Un immeuble de seize étages en construction s’est effondré ce vendredi à Nairobi, la capitale du Kenya, provoquant une vive mobilisation des services de secours et ravivant les inquiétudes récurrentes sur la sécurité des chantiers et des bâtiments dans la ville.
Le drame s’est produit dans le quartier de South C, une zone urbaine dense et en pleine expansion immobilière. D’après les premières informations, plusieurs personnes se trouvaient à l’intérieur du bâtiment au moment de l’effondrement et ont été prises au piège sous les décombres. Des équipes de secours, appuyées par des volontaires et des riverains, ont immédiatement été déployées sur le site pour tenter de retrouver d’éventuels survivants.
À ce stade, aucun bilan officiel n’a été communiqué, ni sur le nombre de victimes potentielles ni sur les causes exactes de l’accident.Les autorités kényanes précisent que les opérations de recherche se poursuivent et qu’une enquête sera lancée dès que les conditions de sécurité le permettront.

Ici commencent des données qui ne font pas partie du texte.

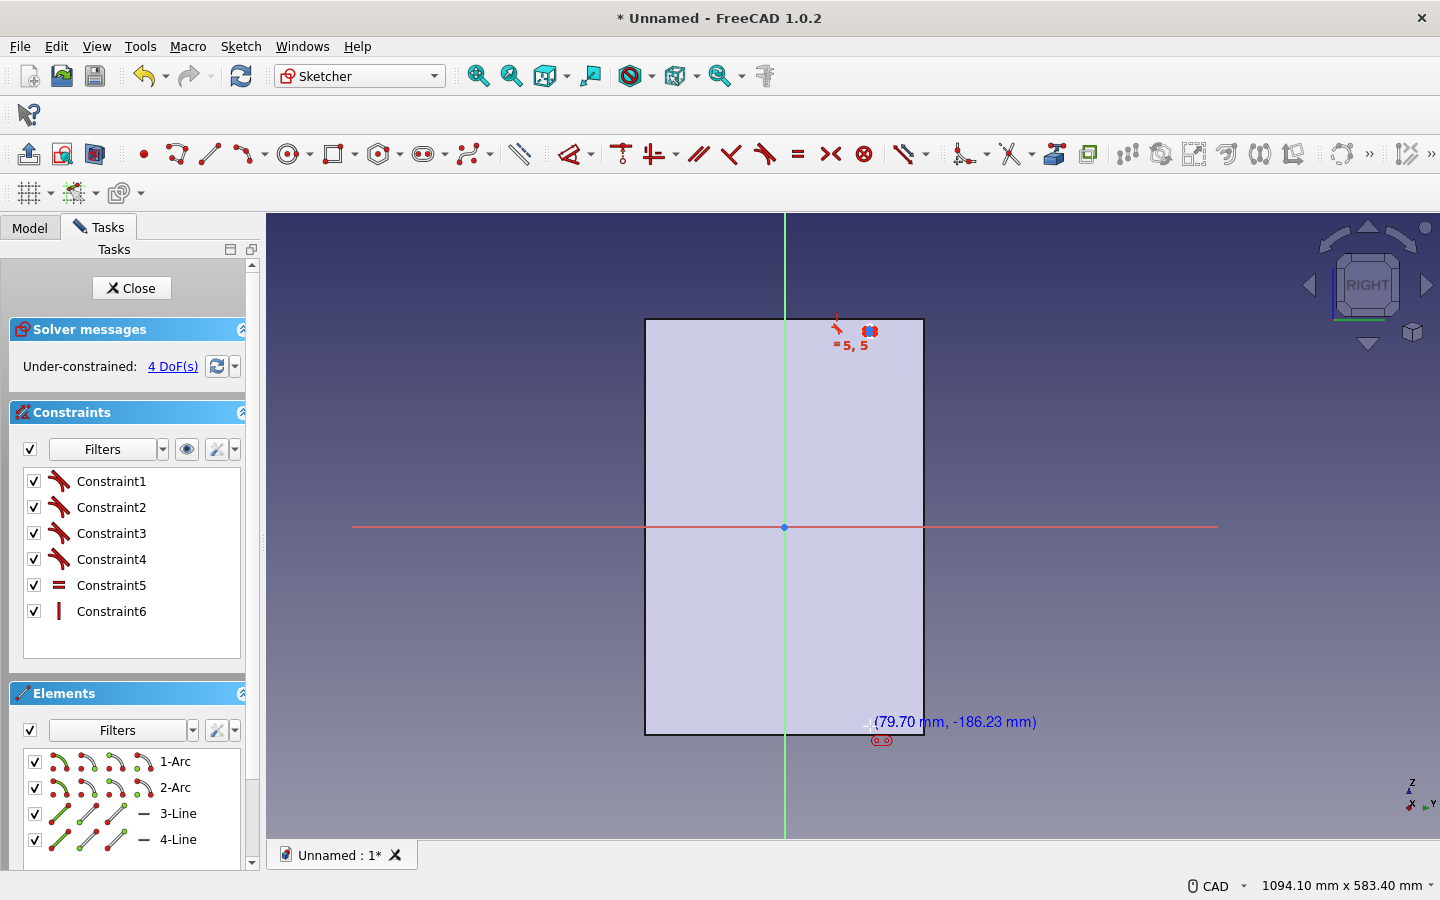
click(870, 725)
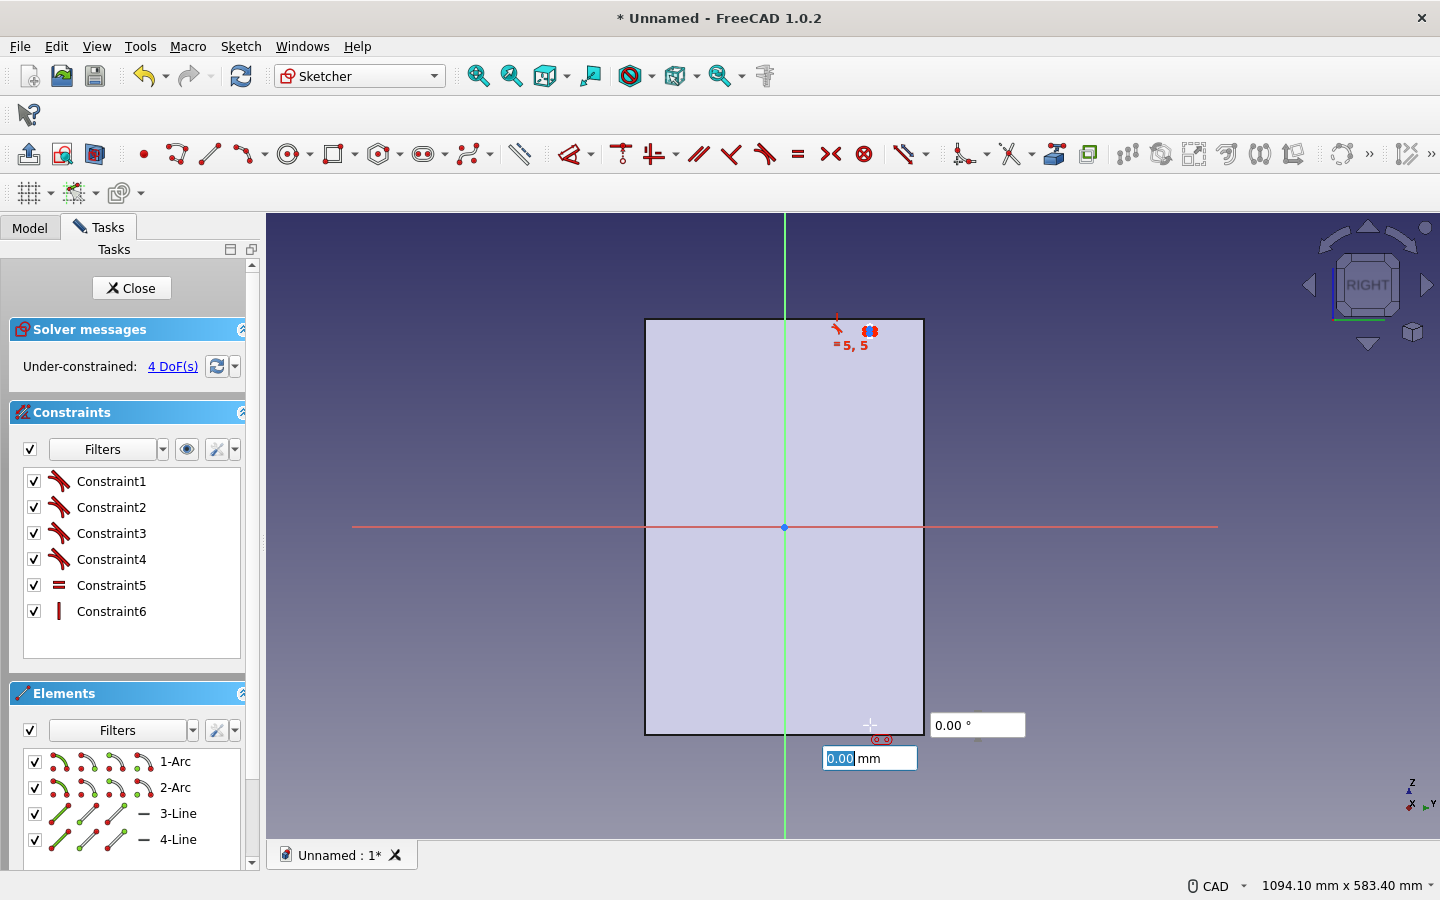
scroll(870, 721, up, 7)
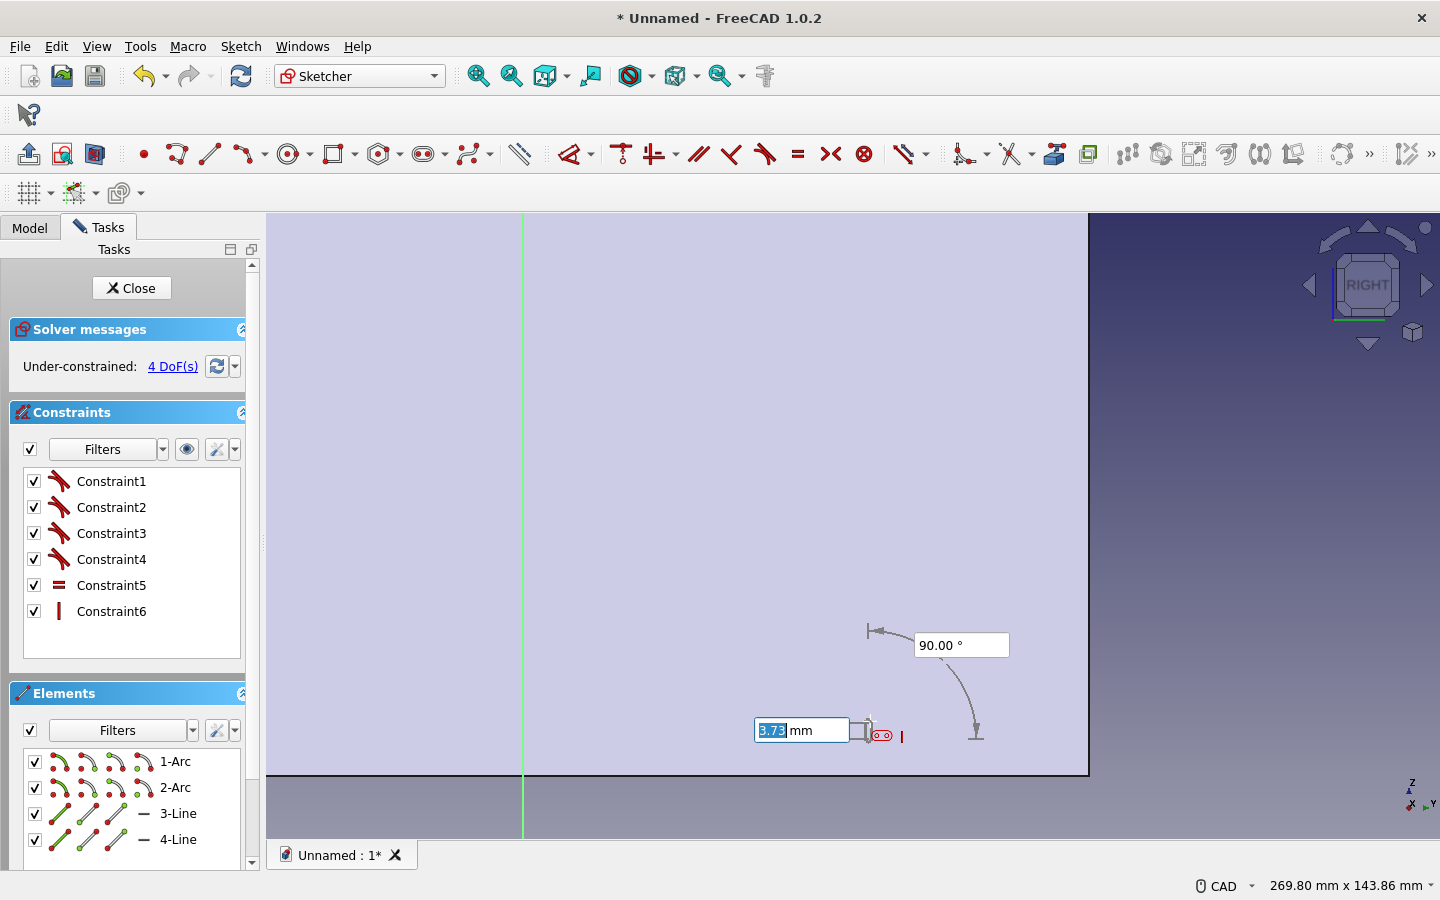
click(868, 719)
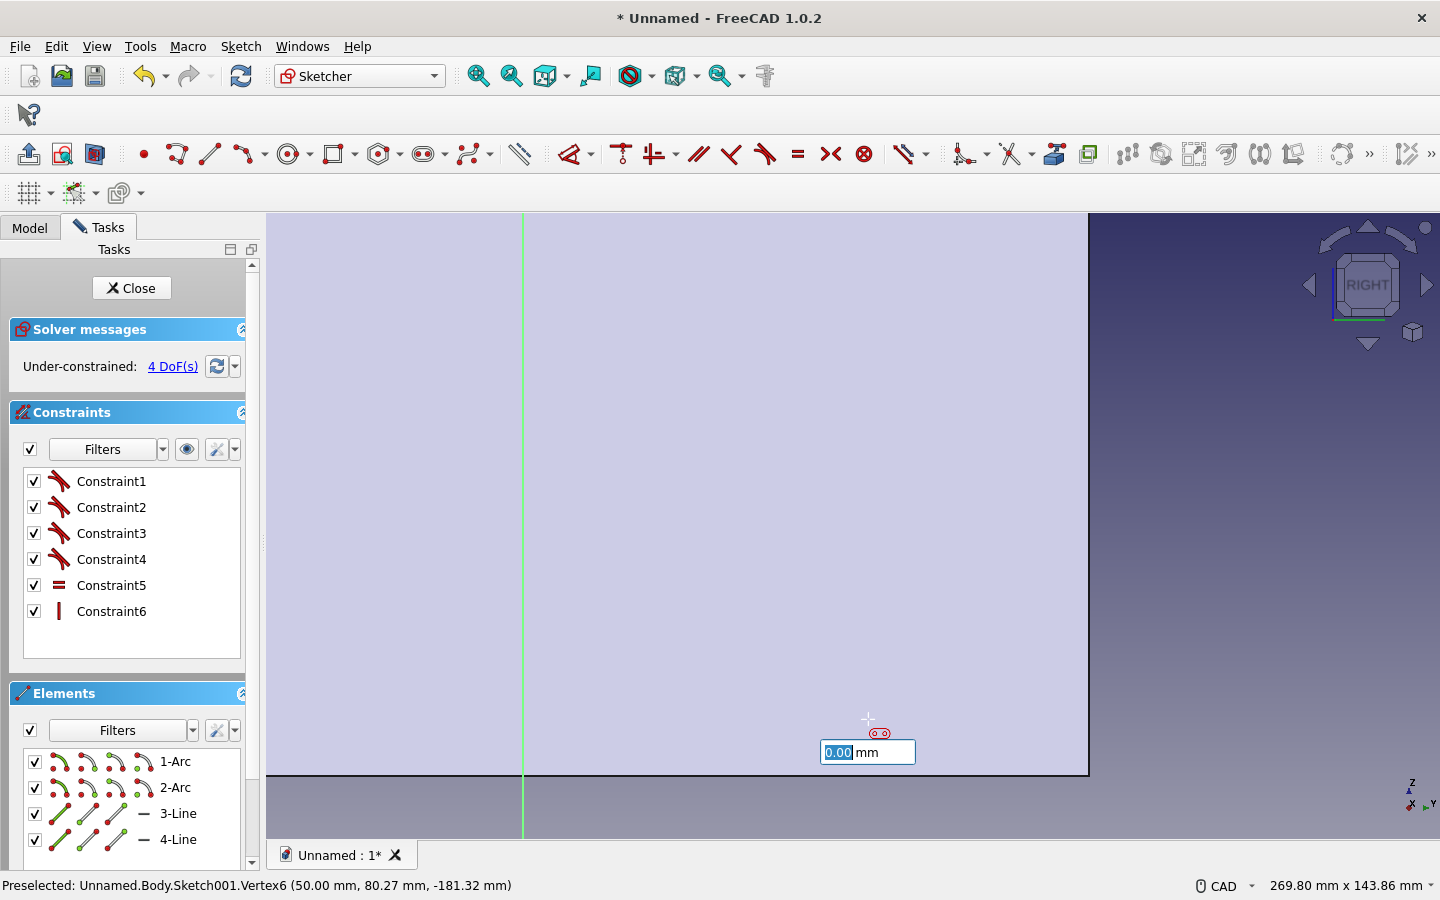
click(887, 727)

Un phénomène récurrent à Nairobi
Cet effondrement s’inscrit dans une série de drames similaires qui frappent régulièrement la capitale kényane. À Nairobi, la forte pression démographique et la demande croissante de logements ont favorisé une urbanisation rapide, souvent au détriment du respect strict des normes de construction. Des promoteurs peu scrupuleux sont régulièrement accusés de contourner les réglementations, d’utiliser des matériaux de mauvaise qualité ou de ne pas respecter les études techniques obligatoires.
En 2015, l’effondrement d’un immeuble avait causé la mort d’au moins 15 personnes, suscitant une onde de choc nationale. À la suite de cette tragédie, la présidence avait ordonné un audit général des bâtiments à travers le pays afin d’évaluer leur conformité aux codes de construction en vigueur. Les conclusions de cet audit avaient été particulièrement alarmantes : l’Autorité nationale de la construction avait alors estimé que 58 % des bâtiments de Nairobi n’étaient pas aptes à être habités, mettant en lumière l’ampleur des défaillances structurelles et du laxisme dans le secteur immobilier.
Des réformes insuffisantes
Malgré ces constats et les promesses de réformes, la situation semble avoir peu évolué. Les effondrements d’immeubles continuent de faire régulièrement la une de l’actualité, causant des pertes en vies humaines, des blessés et d’importants dégâts matériels. En octobre 2024, un immeuble de sept étages s’était déjà effondré à Nairobi, relançant le débat sur l’efficacité des mécanismes de contrôle et de sanction.
Pour de nombreux observateurs, ces drames successifs traduisent un déficit persistant de gouvernance urbaine, marqué par une application inégale des lois, la corruption et le manque de suivi technique des chantiers. L’effondrement de ce nouvel immeuble remet une fois encore au premier plan la question de la sécurité des constructions au Kenya, et la responsabilité des autorités comme des promoteurs dans la protection des populations urbaines. Les prochains jours devraient permettre d’établir les causes du sinistre et, peut-être, de déterminer si ce drame conduira enfin à des mesures plus contraignantes et durables.